Pride and Prejudice: LLM Amplifies Self-Bias in Self-Refinement (2402.11436v2)

Published 18 Feb 2024 in cs.CL and cs.AI

Abstract: Recent studies show that LLMs improve their performance through self-feedback on certain tasks while degrade on others. We discovered that such a contrary is due to LLM's bias in evaluating their own output. In this paper, we formally define LLM's self-bias - the tendency to favor its own generation - using two statistics. We analyze six LLMs (GPT-4, GPT-3.5, Gemini, LLaMA2, Mixtral and DeepSeek) on translation, constrained text generation, and mathematical reasoning tasks. We find that self-bias is prevalent in all examined LLMs across multiple languages and tasks. Our analysis reveals that while the self-refine pipeline improves the fluency and understandability of model outputs, it further amplifies self-bias. To mitigate such biases, we discover that larger model size and external feedback with accurate assessment can significantly reduce bias in the self-refine pipeline, leading to actual performance improvement in downstream tasks. The code and data are released at https://github.com/xu1998hz/LLM_self_bias.

PDF Abstract

Unveiling Self-Bias in LLMs Across Diverse Tasks

Introduction to Self-Bias in LLMs

In the evolving landscape of LLMs, the phenomenon of self-bias — where models exhibit a preference for their own generations — presents a nuanced challenge. The paper under discussion explores this issue, presenting a comprehensive analysis of self-bias across six diverse LLMs engaged in tasks such as translation, constrained text generation, and mathematical reasoning. This exploration uncovers the universal presence of self-bias, emphasizing its implications on model performance and output quality.

Quantification of Self-Bias

The paper introduces a novel approach to quantify self-bias in LLMs, employing two principal statistics: bias estimation and distance skewness. These metrics illuminate the discrepancy between LLM's self-evaluation and actual performance, revealing a consistent amplification of self-bias across multiple iterations of self-refinement. The findings suggest that, despite improvements in fluency and understandability, self-refinement does not necessarily lead to desired outcomes, such as enhanced quality or broader concept coverage.

Analysis Across Tasks

Translation

Investigations into translation tasks reveal that self-bias not only persists but also intensifies with iterative self-refinement. Notably, open-source LLMs and certain versions of commercially available models display higher self-bias levels. This amplification suggests a misalignment between perceived and actual performance improvements, with models favoring their generative style over substantive quality enhancements.

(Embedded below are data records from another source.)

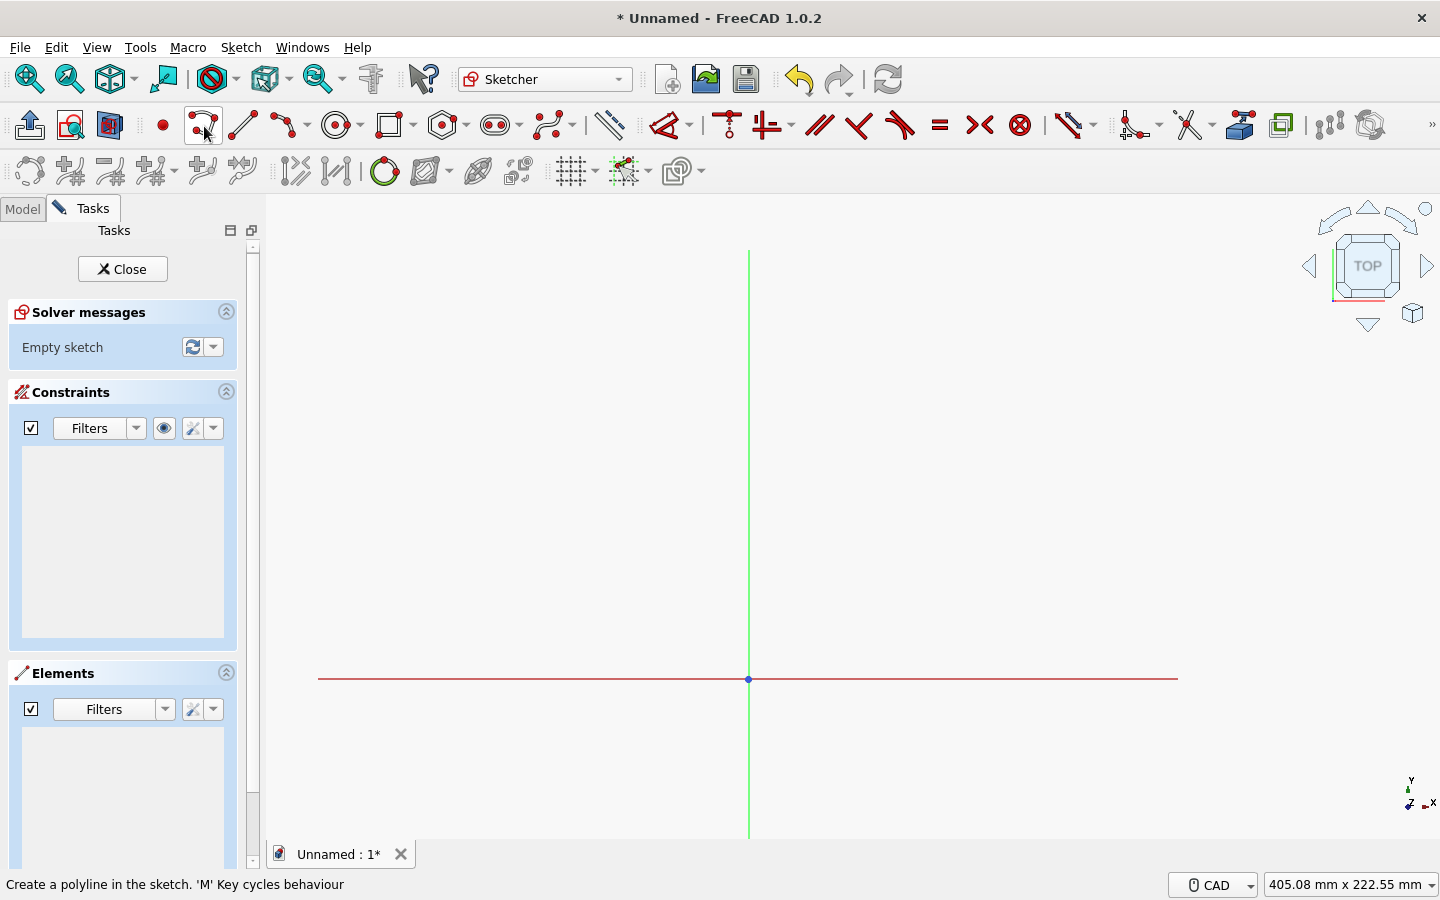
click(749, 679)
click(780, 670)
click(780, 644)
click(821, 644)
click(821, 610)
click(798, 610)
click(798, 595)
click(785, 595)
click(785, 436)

Constrained Text Generation

For constrained text generation, the paper highlights a similar trend of escalating self-bias. The analysis indicates that models may optimize for false positives — improvements that are not genuinely beneficial — leading to a cycle of unproductive optimization and reduced diversity in text generation.

Mathematical Reasoning

In tasks involving mathematical reasoning, the presence of self-bias underscores the challenges LLMs face in self-correction. Despite engaging in iterative refinement, models tend to favor certain reasoning paths, which may not lead to correct solutions, further evidencing the pervasive nature of self-bias across different domains.

Addressing Self-Bias

To mitigate self-bias, the paper proposes two primary interventions: increasing the model size and integrating external feedback. Larger models demonstrate reduced self-bias, possibly due to their enhanced evaluative and corrective capacities. Moreover, external feedback, characterized by accurate assessment, significantly diminishes bias, guiding models towards more accurate self-corrections and genuine performance improvements.

Theoretical and Practical Implications

The research provides a foundational perspective on the mechanisms of self-bias in LLMs, contributing to our understanding of model behaviors in self-refinement and self-rewarding pipelines. Practically, the findings emphasize the need for incorporating mechanisms — such as external feedback and adjusting model sizes — to counterbalance self-bias and enhance the reliability of LLMs across tasks.

Speculating on Future Developments

Looking forward, the paper speculates on the evolution of methodologies to detect, quantify, and mitigate self-bias in LLMs. It calls for further exploration into the dynamics of self-bias across different model architectures, tasks, and languages, underscoring the importance of developing more nuanced and effective strategies to ensure the integrity and applicability of LLMs in diverse real-world scenarios.

Conclusion

The exploration of self-bias in LLMs highlights a critical challenge in the field of AI and machine learning. By systematically analyzing and addressing this issue, the research contributes valuable insights towards the development of more robust, accurate, and unbiased LLMs, paving the way for advancements that align closely with human evaluative standards and expectations.